The pipe across your data centers is the culprit. No matter what method you use to replicate, it is limited to 60Mbps so it cannot be used for writes across all your vms totaling 7MB/s which makes it probably not an option. For  now you would need to transport the snapshots to the other center using other means,

60Mbps is more than my combined write speed requirements. Speed of the network should only matter once a method has been settled on. Since I have 60Mbps Full Duplex available and a latency of 4ms average (peaks to 11ms and I have seen <1ms at times) I do not think it is unreasonable to be able to form a replication over this link. Sure the first time a cluster is brought online it is going to saturate the link, be slow and take a fairly long time to reach a suitable level of synchronization. But that is expected, and is a cost of ensuring that the data is safe and available in multiple locations.
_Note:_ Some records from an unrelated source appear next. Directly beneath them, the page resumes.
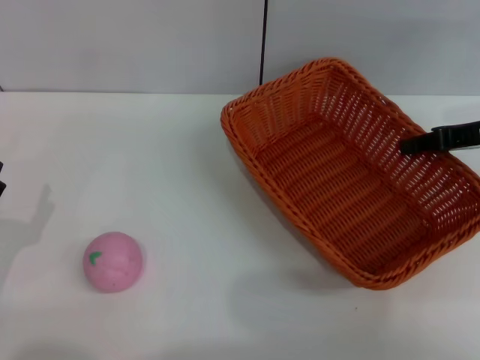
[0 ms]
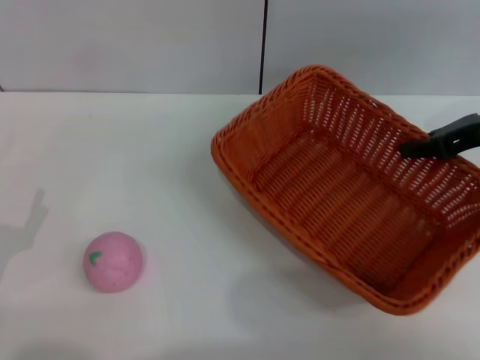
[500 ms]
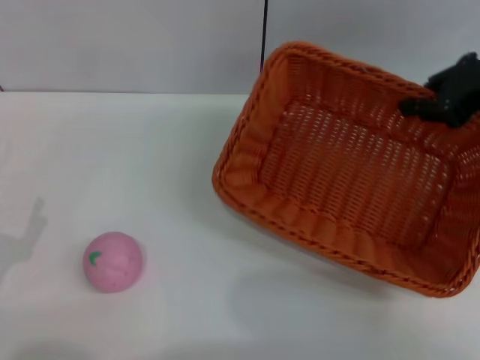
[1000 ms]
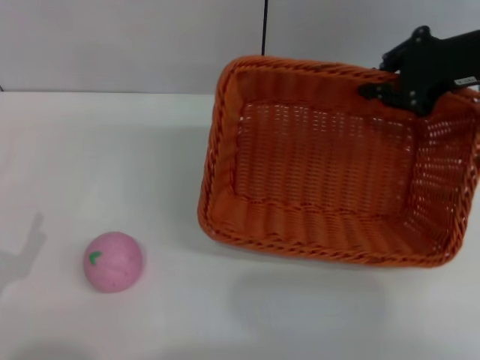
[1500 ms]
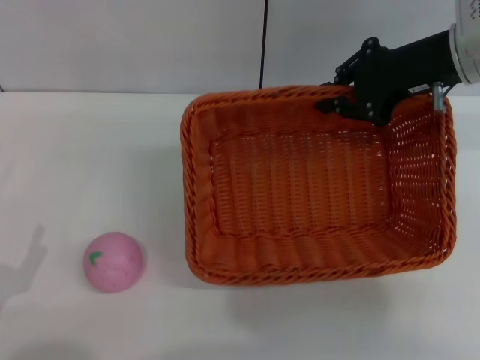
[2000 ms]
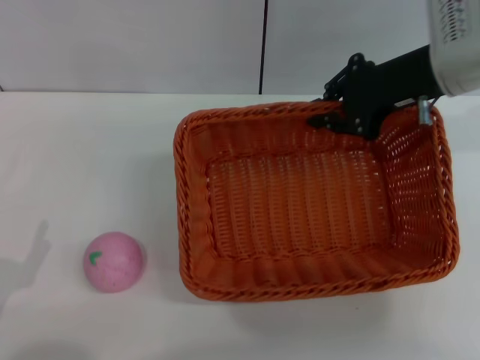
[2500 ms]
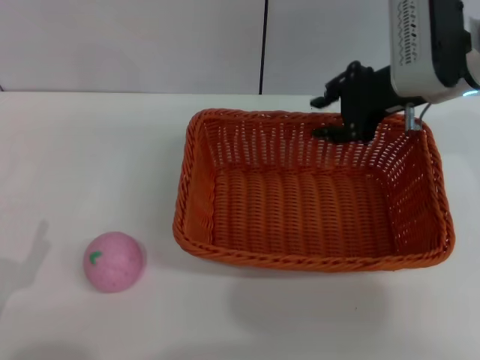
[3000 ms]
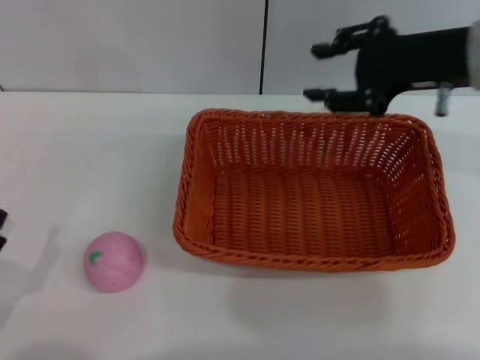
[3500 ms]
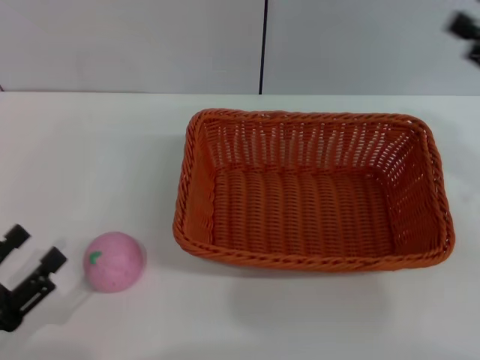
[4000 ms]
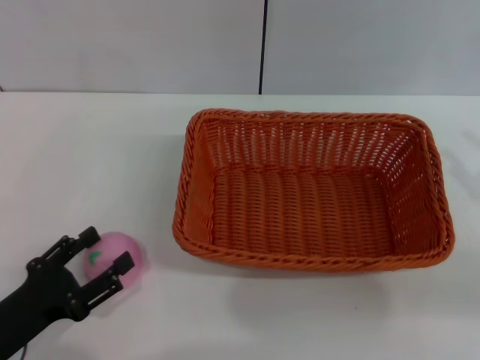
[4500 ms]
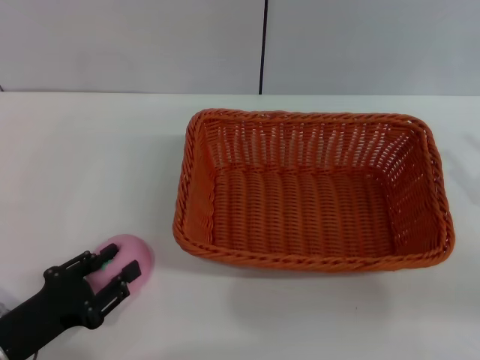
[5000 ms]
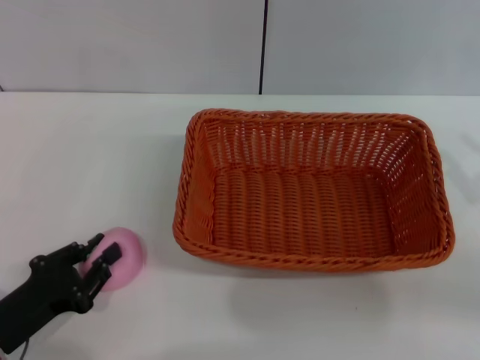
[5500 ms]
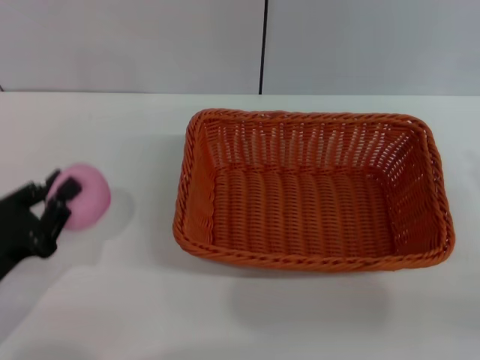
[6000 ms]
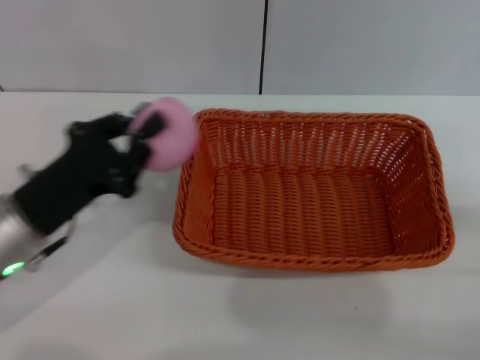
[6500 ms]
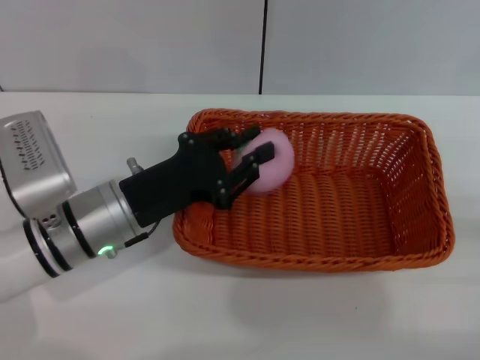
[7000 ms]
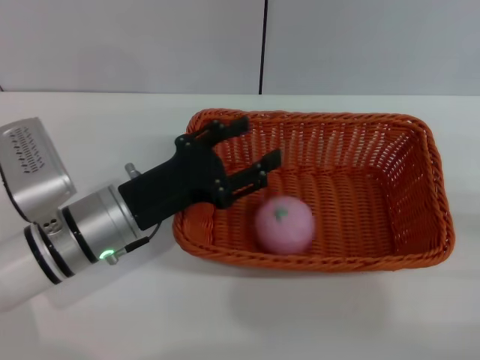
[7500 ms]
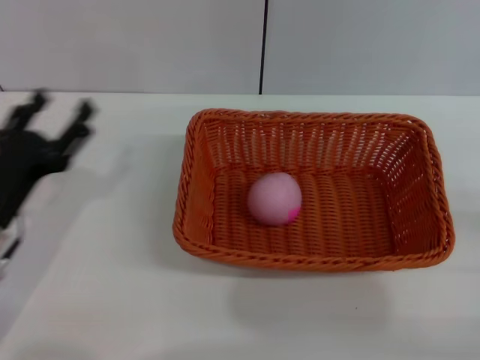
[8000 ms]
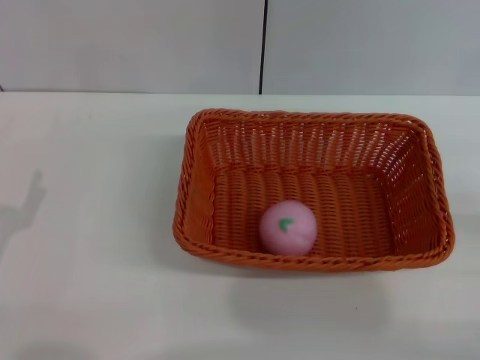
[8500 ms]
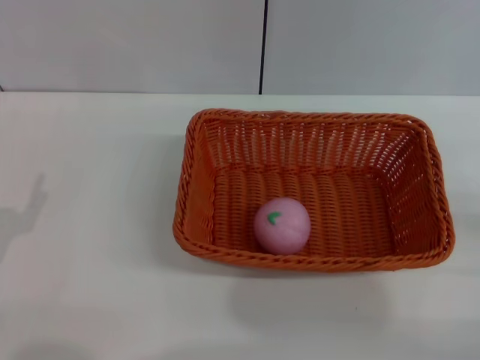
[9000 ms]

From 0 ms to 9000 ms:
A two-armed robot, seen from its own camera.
Step, from 1500 ms to 3500 ms: Place the light basket in the center of view with the right gripper.
Step, from 4000 ms to 6000 ms: Pick up the peach with the left gripper.
Step, from 6500 ms to 7500 ms: Place the peach into the basket with the left gripper.
From 0 ms to 2000 ms: The right gripper moves to the left and upward, roughly 10 cm. The left gripper travels backward by some 5 cm.
From 2000 ms to 4500 ms: The right gripper travels backward, to the right and downward by approximately 25 cm, and opens.
From 4500 ms to 7000 ms: The right gripper heads downward and backward, covering about 10 cm, while the left gripper shifts approximately 20 cm forward, to the right and upward, and closes its fingers.
From 7000 ms to 9000 ms: The left gripper shifts about 20 cm to the left and backward, and opens its fingers.

I am looking at methods other than cron based sync to be just behind the live write so that in the event of a major failure the storage system is almost up to date. Right now a rbd mirror image takes 8mins to create, 2mins to transfer and just over 5 to migrate into the existing image on the other cluster. That is 15 mins, yes it is only 10mins behind per image, but 10mins is a lot of data to loose. Rsync can run every minute with cron, but if an rsync take longer than 59 seconds, it skips running due to how rsync behaves with itself. This is better than 10mins, but still is a lot of lost data.

After testing lsyncd, I found that though it does work for file systems, it can not do block device systems.  This leaves really only one method available: DRBD. I am in the process of getting this working on my PetaSAN VMs and do not expect progress to be fast but I will update this thread as I do make progress.